Tim Rehbein was a county extension agent in neighboring Vernon County “back in the old Extension days – when there was an agent in every county,” he said. The two agents got to know each other and became friends, helping farmers with projects on traditional farms and some that involved transitioning out of tobacco production. At one time growing tobacco was huge in the Viroqua area – the crop was often called the “mortgage lifter” in several regions of the state. But as that industry faded, farmers were looking for other enterprises and niche commodities.
Big success story
Carl asked to come along on a bus trip Rehbein had planned to visit grape growers in Michigan and the two started working together on more local projects after that. One of Carl’s big success stories, in terms of helping farmers transition to new or additional enterprises, is Danzinger Vineyards (danzingervineyards.com). Rehbein relates how he and Carl had worked with the Danzinger family for years on their dairy farm’s operations, but now were helping Melvin and David Danzinger with a vineyard and winemaking enterprise that they wanted to take up in their “retirement.”
That retirement enterprise began in 2003 and now encompasses 18 acres with 8,000 vines overlooking the Mississippi River. Dave, who had earned a Masters Degree in Agriculture Education from the University of Wisconsin-River Falls, spent 30 years managing Danzinger and Sons farm and now is manager of the winery. Melvin, who earned a Bachelors Degree in agronomy at UW-River Falls was in charge of the crop program at the dairy farm and is now the vineyard manager.
David’s sons Matt and Pat now operate the 600-cow dairy farm while Mel and Dave handle the vineyard and winery business. Rehbein said he and Carl worked with the family throughout the whole process of getting that business going.
MORE: Wisconsin winery: Danzinger Vineyards in Alma
Mel Danzinger told us that the family envisioned the winery and vineyard as “something to keep us out of their hair” referring to his nephews who took over the dairy farm. “We were also looking for something that went from the ground to the consumer, without middlemen or distributor and this is one of the few things where we can do that,” he said, in a telephone interview.
Finding alternative farm enterprises for farmers in the area has been a passion for Carl but it’s difficult in Buffalo County with the rough terrain, Danzinger said. The county has low population density and only 50 percent of the land in the county is tillable, he added. But customers for the winery come from all over the river valley, including Rochester, Minnesota.

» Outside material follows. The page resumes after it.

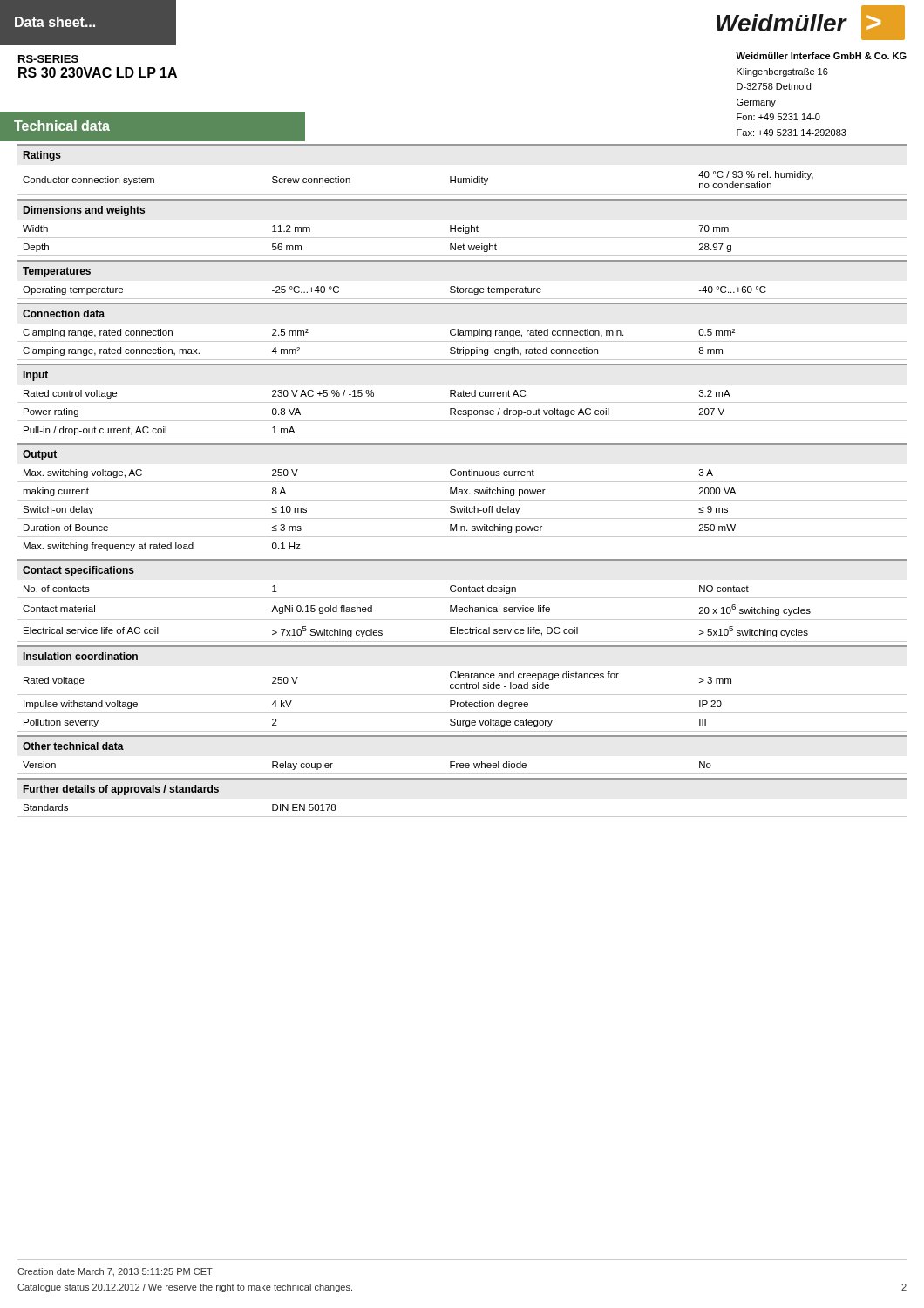This screenshot has height=1308, width=924.
Task: Locate the text starting "Weidmüller Interface GmbH & Co. KG"
Action: click(x=821, y=102)
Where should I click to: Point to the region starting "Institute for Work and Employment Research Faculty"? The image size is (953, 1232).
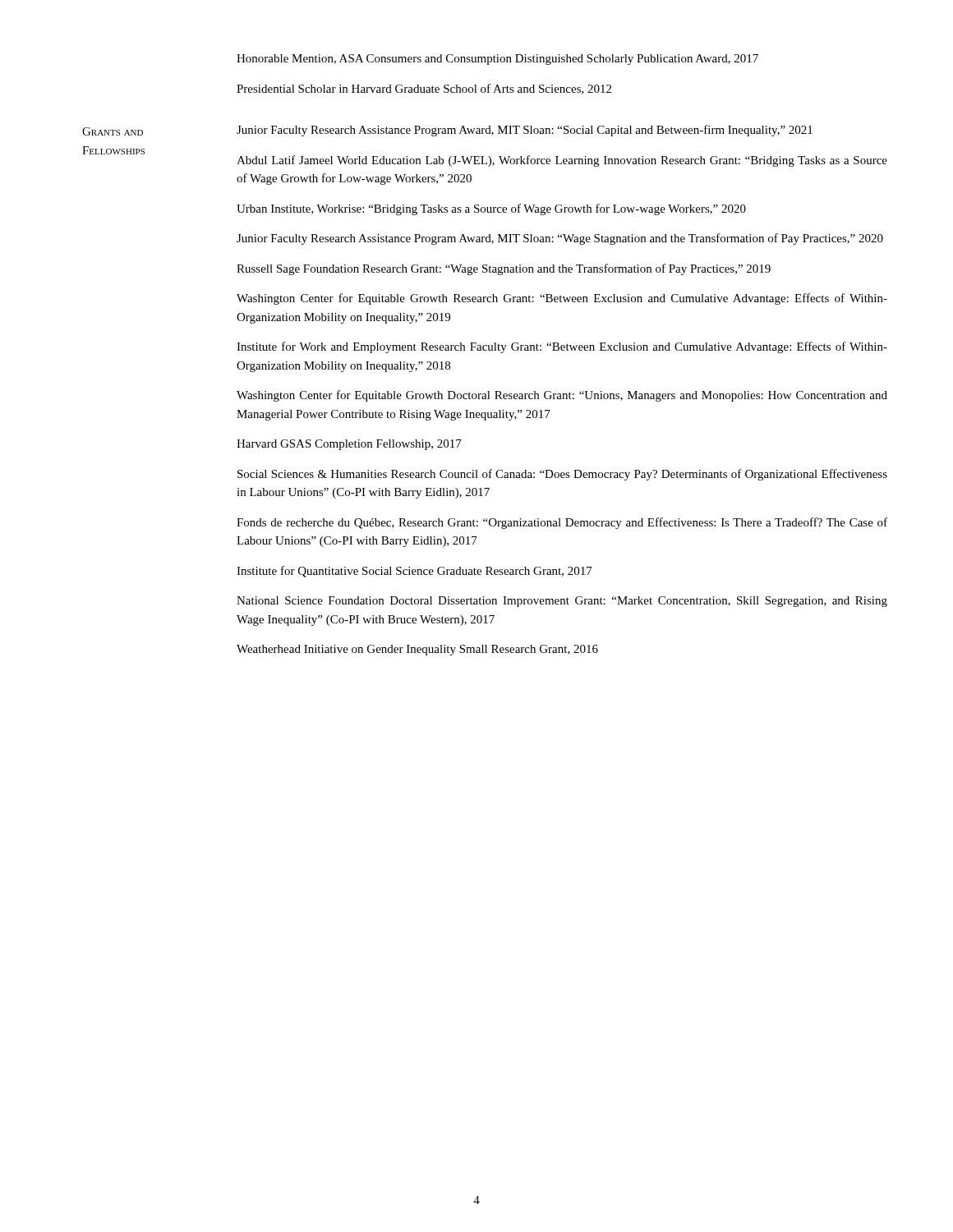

Danzinger said Carl is really good at knowing what programs are available and where grants are available. He and Rehbein found a grant to take a group to Michigan to learn from that state’s well-developed vineyard and wine business sector. The Danzingers came home and decided they would never be able to grow the French grapes that are at home in Michigan, because of the softer climate provided by Lake Michigan, but they are able to grow all the cold-hardy varieties that were developed in Minnesota. Their first vines are now 20 years old.
In a good year they produce 40,000 to 50,000 bottles of wine. Some years, it’s a lot less. Last year was a bumper crop with 74 tons of grapes coming off their vines. “We had to scramble to find homes for it. It’s a lot more than we needed,” he says.
They also had almost more than they could handle when their boutique winery played host to its first wedding. There were 400 guests. After that they decided to limit to 200 the number of wedding guests at one event. They host five to seven weddings each year.
In addition to having Carl’s help on starting the winery, Danzinger made several trips with Carl traveling to hurricane-ravaged states in the South, where the men were part of a contingent of volunteers helping people clean up and repair their homes. “Carl’s one of those selfless people, community oriented. If you’ve got a problem he wants to help you with it. He’s one of those rare people you’d like to have around.”
Those trips, when they camped out in churches and worked all day were “good brotherhood,” says Danzinger. “It feels good to give back.”
Ales as well
Helping to get a successful winery started wasn’t Carl’s only foray into the niche production of “potent potables” as they call them on Jeopardy. Rehbein remembers that in a meeting in the early 2000’s Carl said that farmers in their area should look at production of hops and malting barley because it would be a good fit for the growing microbrewery industry. “He thought it would be a good next step for alternative crops in our area,” Rehbein said.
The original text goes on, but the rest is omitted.